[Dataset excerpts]
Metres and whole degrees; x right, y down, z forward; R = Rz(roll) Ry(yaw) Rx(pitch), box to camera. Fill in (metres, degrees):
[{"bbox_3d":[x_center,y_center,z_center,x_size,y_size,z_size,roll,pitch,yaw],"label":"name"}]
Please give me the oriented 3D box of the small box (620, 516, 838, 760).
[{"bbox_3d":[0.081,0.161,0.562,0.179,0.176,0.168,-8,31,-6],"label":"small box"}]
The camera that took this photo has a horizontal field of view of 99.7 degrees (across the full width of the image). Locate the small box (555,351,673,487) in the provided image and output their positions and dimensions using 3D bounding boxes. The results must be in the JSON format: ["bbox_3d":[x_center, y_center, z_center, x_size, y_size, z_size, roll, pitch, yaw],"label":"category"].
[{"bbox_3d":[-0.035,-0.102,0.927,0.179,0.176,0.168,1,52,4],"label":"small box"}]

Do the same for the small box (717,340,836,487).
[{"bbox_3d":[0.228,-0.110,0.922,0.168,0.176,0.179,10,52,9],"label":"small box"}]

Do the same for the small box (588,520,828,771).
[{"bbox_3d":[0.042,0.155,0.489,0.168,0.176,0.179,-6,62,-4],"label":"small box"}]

...

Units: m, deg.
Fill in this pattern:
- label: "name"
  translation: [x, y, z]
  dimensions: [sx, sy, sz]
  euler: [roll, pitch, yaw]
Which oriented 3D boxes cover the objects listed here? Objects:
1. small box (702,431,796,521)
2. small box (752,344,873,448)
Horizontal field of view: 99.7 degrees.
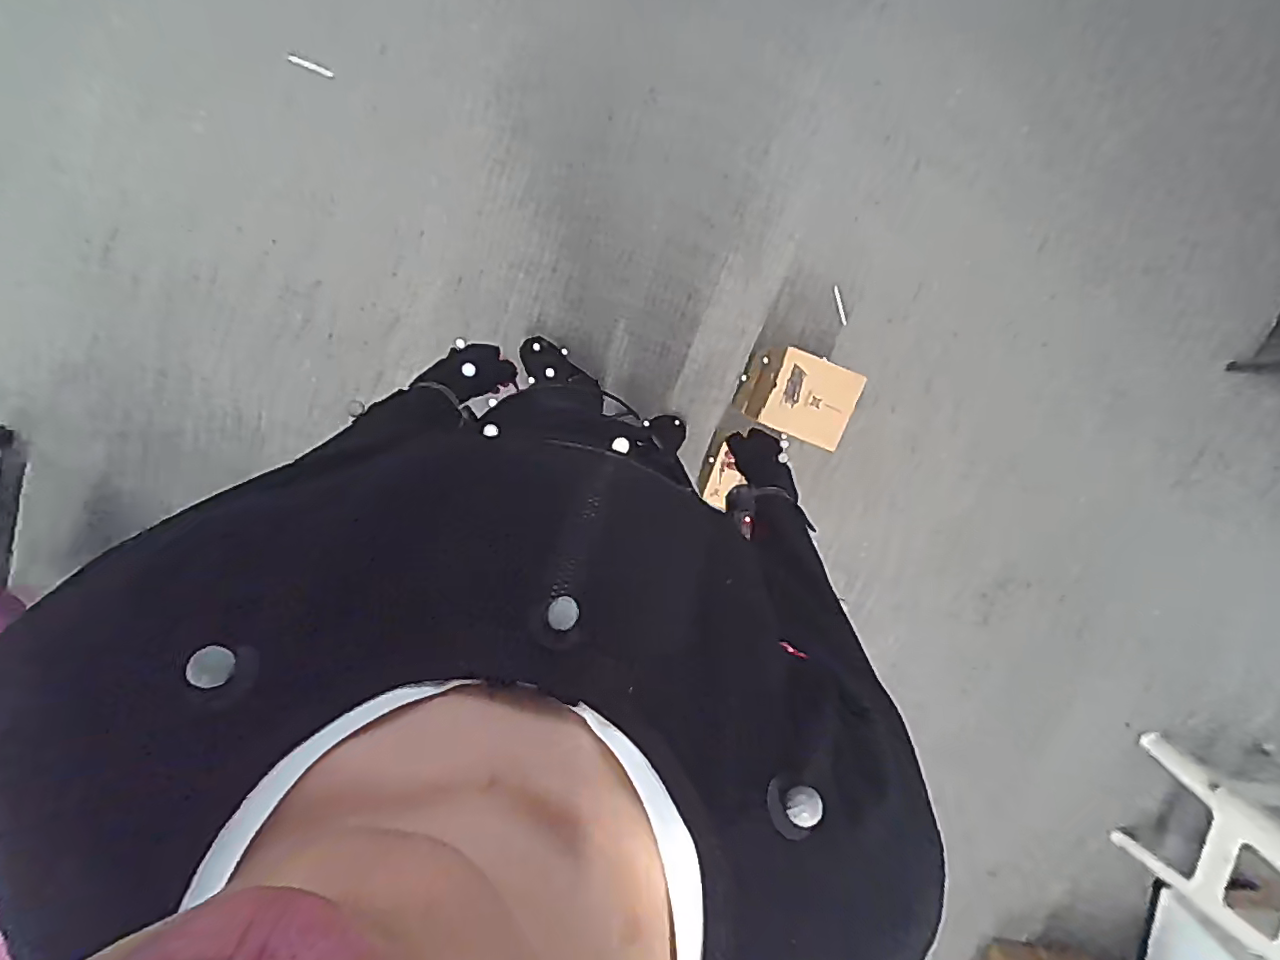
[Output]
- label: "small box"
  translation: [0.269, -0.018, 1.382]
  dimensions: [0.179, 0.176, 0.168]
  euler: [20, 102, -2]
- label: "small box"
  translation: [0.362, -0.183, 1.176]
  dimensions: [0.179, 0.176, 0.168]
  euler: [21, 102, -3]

- _Directions for this task_:
Using the data above, copy each line that contains "Fill".

- _Reply to the task_:
Metres and whole degrees; x right, y down, z forward; R = Rz(roll) Ry(yaw) Rx(pitch), box to camera. Fill in (metres, degrees):
Fill in this pattern:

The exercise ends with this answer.